Ticket resellers would be far too small a market for Google to actually do
anything nefarious. It's just not worth risking a precedent.

I think Google also knows these concerns very well. I'm absolutely sure that
they have more lawyers than programmers working on the upcoming ad blocking.

Strategically, Google owns so much of the open internet that they get plenty
of benefits by, for example, improving ad quality overall. Their competitors
aren't some ticket resellers that they would screw over by banning their ads.
It's Facebook, Apple, and possibly Amazon with closed ecosystems.

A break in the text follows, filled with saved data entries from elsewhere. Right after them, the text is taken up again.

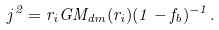Convert formula to latex. <formula><loc_0><loc_0><loc_500><loc_500>j ^ { 2 } = r _ { i } G M _ { d m } ( r _ { i } ) ( 1 - f _ { b } ) ^ { - 1 } .</formula> 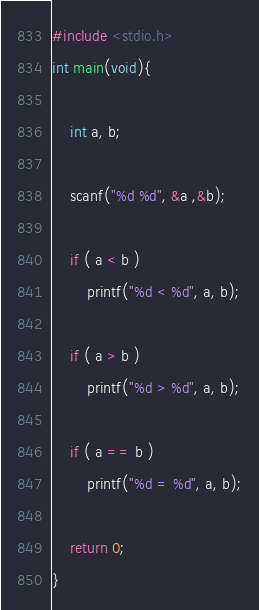<code> <loc_0><loc_0><loc_500><loc_500><_C_>#include <stdio.h>
int main(void){
    
    int a, b;
    
    scanf("%d %d", &a ,&b);
    
    if ( a < b )
        printf("%d < %d", a, b);
    
    if ( a > b )
        printf("%d > %d", a, b);
    
    if ( a == b )
        printf("%d = %d", a, b);
    
    return 0;
}</code> 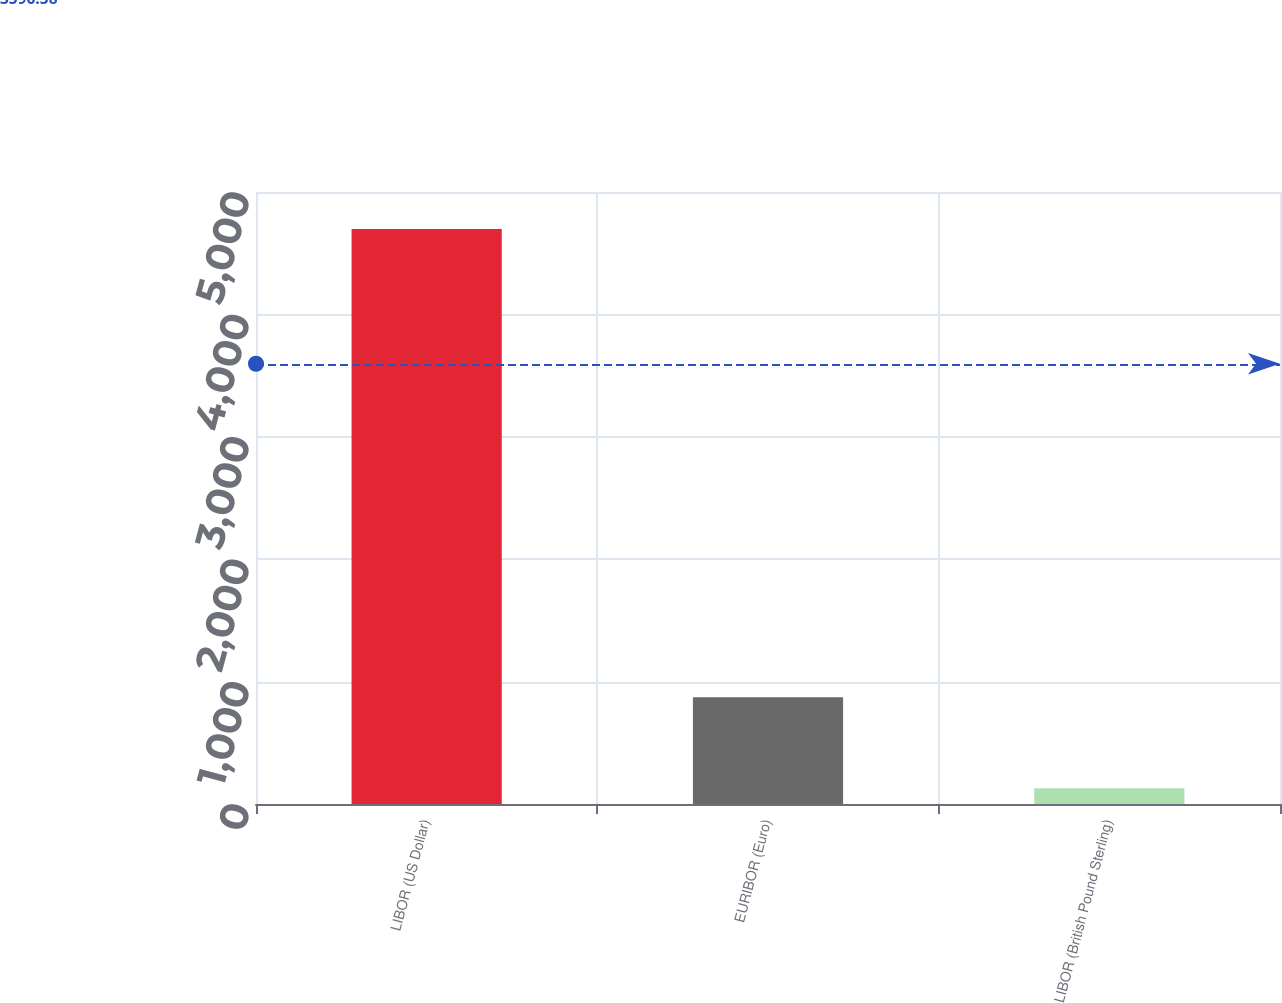<chart> <loc_0><loc_0><loc_500><loc_500><bar_chart><fcel>LIBOR (US Dollar)<fcel>EURIBOR (Euro)<fcel>LIBOR (British Pound Sterling)<nl><fcel>4697<fcel>872<fcel>128<nl></chart> 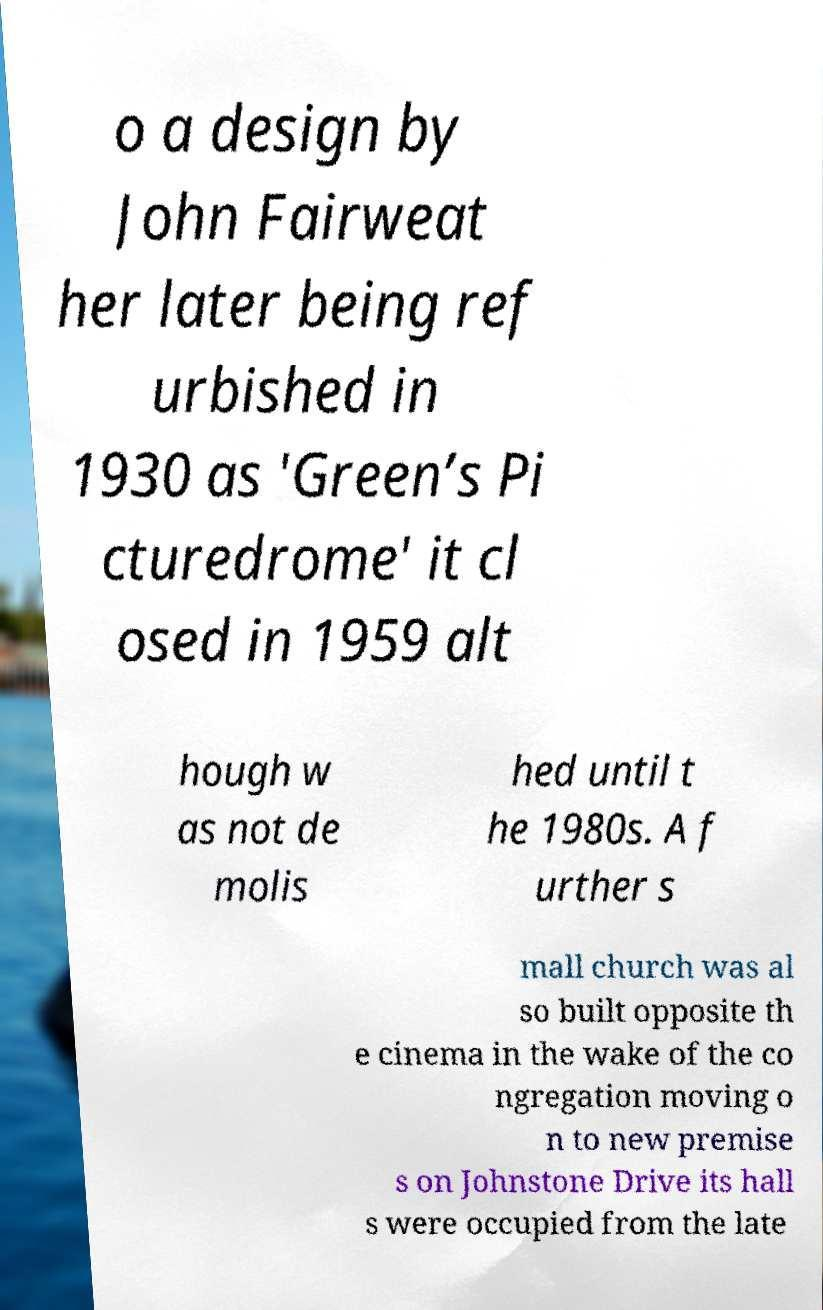Can you read and provide the text displayed in the image?This photo seems to have some interesting text. Can you extract and type it out for me? o a design by John Fairweat her later being ref urbished in 1930 as 'Green’s Pi cturedrome' it cl osed in 1959 alt hough w as not de molis hed until t he 1980s. A f urther s mall church was al so built opposite th e cinema in the wake of the co ngregation moving o n to new premise s on Johnstone Drive its hall s were occupied from the late

That's why Chrome is such an excellent browser: Google's interests are almost
completely aligned with someone browsing the internet. That, plus their
basically unlimited money, and what's probably the world's best software dev
operation meant that they easily outclassed Firefox without really trying[0].
Chrome was started at a time where native apps (and the Facebook SDK) had
become superior platforms for app development: Remember Zynga? Yeah, me
neither...

[0]: The "Chrome" wave of browser advancement has probably hit a sort of
natural slowdown for now, which is (among other things) what allowed Firefox
to catch up.

------
Mononokay
FINALLY. Reselling needs to be regulated so badly. I couldn't get tickets to a
show at a medium-sized, local venue half a day after it was announced without
having to go through a reseller and buy at a 200% markup. It wasn't even a
person with a large amount of name recognition, either.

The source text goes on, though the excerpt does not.